Filter this listing down to the lines that contain the word "Next", and copy them.

PROVIDED DATA:
++++++++++++++++++++
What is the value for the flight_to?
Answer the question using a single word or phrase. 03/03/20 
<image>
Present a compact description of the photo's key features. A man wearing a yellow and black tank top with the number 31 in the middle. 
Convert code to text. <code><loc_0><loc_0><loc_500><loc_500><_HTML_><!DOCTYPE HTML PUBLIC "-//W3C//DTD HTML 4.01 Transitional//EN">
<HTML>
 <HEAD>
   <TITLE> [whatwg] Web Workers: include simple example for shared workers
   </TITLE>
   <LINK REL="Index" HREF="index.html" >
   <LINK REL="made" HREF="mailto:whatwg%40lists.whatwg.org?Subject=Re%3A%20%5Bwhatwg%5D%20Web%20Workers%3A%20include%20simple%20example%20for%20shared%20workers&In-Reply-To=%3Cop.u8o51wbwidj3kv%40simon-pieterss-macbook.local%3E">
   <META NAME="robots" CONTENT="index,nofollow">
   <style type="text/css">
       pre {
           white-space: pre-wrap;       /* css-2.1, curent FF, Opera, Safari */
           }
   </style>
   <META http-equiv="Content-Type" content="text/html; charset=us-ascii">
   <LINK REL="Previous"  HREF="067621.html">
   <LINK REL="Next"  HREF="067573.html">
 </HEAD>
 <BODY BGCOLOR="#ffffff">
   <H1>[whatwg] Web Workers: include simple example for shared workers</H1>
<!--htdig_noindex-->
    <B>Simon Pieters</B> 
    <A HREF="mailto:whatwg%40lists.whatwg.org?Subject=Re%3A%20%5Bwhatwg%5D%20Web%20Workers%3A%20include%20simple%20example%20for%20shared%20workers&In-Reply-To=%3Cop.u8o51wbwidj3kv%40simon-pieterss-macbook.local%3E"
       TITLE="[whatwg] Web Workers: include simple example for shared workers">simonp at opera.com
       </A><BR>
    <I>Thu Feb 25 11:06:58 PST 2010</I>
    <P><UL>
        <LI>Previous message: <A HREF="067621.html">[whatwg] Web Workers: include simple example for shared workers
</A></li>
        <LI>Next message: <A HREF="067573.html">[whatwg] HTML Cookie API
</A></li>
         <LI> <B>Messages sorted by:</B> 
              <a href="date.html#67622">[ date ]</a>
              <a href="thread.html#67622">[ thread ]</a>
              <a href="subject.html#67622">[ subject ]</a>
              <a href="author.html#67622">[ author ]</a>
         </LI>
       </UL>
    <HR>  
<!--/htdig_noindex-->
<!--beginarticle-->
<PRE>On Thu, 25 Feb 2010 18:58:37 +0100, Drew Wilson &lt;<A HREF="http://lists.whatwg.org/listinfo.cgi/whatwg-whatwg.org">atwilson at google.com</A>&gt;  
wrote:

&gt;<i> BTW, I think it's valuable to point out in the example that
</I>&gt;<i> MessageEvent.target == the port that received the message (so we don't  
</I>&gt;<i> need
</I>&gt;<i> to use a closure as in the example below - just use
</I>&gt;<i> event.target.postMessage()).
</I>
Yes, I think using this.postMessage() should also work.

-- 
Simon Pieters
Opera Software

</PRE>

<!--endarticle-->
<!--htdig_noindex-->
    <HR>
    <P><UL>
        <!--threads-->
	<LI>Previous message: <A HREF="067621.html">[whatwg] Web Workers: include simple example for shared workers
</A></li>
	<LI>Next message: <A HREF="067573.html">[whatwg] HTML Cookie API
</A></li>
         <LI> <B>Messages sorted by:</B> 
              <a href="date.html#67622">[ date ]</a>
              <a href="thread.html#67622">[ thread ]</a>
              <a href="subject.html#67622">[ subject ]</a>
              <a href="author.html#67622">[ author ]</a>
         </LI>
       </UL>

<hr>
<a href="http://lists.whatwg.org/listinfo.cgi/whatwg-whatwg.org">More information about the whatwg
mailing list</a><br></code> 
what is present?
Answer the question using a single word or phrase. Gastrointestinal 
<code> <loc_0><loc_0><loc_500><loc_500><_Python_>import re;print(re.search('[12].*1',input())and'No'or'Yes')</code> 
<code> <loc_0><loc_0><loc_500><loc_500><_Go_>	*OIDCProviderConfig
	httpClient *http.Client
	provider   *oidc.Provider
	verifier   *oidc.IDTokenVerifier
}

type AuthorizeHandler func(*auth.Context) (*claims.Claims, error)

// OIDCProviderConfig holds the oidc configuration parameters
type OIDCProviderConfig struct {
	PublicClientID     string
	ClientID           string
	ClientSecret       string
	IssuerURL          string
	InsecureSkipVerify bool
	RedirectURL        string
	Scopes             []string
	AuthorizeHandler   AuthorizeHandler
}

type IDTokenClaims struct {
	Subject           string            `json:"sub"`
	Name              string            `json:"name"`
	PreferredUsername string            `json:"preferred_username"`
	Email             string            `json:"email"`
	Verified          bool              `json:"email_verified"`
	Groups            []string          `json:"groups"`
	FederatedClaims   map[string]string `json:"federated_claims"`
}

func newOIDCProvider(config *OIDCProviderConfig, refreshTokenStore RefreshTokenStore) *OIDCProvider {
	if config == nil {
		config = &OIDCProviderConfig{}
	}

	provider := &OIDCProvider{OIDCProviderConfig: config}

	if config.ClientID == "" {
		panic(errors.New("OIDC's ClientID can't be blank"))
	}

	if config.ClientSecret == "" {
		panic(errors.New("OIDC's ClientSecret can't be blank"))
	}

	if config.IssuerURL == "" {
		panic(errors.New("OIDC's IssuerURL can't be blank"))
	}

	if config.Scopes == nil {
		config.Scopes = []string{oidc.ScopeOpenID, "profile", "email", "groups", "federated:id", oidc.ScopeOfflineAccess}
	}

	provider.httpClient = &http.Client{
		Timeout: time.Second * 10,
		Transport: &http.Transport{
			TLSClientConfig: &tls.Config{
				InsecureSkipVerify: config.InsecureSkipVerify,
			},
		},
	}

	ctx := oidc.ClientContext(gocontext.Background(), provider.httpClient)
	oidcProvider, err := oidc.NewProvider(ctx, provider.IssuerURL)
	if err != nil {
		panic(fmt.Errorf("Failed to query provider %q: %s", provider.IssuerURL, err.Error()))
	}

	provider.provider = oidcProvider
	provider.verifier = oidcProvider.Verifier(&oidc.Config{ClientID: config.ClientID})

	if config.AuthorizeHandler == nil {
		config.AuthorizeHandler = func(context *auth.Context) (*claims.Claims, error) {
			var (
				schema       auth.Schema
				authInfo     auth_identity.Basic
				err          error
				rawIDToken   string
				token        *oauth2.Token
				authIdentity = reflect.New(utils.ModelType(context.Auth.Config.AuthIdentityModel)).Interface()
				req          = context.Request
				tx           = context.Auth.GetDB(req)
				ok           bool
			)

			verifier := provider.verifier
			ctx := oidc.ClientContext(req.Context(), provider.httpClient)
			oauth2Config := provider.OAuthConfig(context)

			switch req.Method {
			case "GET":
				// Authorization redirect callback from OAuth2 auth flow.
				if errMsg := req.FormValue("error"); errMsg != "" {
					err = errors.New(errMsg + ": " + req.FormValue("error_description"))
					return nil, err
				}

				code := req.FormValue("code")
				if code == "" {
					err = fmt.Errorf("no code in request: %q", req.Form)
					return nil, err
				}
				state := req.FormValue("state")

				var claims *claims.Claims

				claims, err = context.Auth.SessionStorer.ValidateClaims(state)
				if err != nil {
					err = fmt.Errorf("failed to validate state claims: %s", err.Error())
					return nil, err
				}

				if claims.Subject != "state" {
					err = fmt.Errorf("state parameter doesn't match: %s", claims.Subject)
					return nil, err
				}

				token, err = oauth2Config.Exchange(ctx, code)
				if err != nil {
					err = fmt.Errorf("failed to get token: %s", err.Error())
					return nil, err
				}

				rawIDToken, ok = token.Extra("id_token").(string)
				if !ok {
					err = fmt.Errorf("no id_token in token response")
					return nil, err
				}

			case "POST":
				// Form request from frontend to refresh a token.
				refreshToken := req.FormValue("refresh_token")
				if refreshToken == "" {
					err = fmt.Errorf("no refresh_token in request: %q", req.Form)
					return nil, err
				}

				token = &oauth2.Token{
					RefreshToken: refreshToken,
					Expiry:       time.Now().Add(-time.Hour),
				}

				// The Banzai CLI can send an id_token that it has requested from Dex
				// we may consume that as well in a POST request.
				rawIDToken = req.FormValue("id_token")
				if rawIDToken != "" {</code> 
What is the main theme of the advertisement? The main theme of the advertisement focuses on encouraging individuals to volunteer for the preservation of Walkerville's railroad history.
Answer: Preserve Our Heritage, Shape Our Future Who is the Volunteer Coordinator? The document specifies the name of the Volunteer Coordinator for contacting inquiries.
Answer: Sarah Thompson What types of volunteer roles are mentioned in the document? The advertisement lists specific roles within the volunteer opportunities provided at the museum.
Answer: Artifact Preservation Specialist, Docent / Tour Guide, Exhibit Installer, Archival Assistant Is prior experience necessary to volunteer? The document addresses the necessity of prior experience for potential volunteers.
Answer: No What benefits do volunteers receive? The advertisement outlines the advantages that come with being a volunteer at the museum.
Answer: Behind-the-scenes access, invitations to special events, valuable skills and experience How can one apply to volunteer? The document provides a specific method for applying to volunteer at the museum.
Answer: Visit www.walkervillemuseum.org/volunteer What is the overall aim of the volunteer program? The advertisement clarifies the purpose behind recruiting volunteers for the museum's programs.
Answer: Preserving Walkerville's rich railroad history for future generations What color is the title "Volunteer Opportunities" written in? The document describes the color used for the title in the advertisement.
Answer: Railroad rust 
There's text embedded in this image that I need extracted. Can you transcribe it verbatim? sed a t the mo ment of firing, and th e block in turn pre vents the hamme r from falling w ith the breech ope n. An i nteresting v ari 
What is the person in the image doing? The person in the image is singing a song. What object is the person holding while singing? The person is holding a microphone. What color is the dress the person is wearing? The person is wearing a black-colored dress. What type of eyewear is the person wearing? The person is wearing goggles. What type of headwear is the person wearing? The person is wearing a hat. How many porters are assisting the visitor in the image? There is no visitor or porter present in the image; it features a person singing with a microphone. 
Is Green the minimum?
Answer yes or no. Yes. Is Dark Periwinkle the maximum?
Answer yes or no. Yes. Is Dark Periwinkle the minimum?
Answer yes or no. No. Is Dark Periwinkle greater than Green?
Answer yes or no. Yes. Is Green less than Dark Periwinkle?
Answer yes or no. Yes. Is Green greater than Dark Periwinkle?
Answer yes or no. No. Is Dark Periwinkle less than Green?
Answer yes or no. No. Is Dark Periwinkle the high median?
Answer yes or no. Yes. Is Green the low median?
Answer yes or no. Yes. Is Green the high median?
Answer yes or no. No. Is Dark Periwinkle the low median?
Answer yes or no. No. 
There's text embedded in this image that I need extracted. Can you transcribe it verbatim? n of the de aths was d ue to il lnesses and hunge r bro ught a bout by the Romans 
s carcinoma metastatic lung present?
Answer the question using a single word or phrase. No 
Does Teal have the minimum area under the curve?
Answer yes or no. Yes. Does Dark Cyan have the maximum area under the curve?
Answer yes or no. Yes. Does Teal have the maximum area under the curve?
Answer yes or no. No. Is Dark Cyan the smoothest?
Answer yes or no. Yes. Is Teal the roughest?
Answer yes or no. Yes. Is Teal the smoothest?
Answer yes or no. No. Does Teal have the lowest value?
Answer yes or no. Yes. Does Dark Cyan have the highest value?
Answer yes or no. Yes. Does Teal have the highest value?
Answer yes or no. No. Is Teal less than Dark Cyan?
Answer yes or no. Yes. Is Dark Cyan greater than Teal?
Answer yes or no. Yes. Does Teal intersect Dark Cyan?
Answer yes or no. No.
++++++++++++++++++++
EXERCISE ANSWER:
   <LINK REL="Next"  HREF="067573.html">
        <LI>Next message: <A HREF="067573.html">[whatwg] HTML Cookie API
	<LI>Next message: <A HREF="067573.html">[whatwg] HTML Cookie API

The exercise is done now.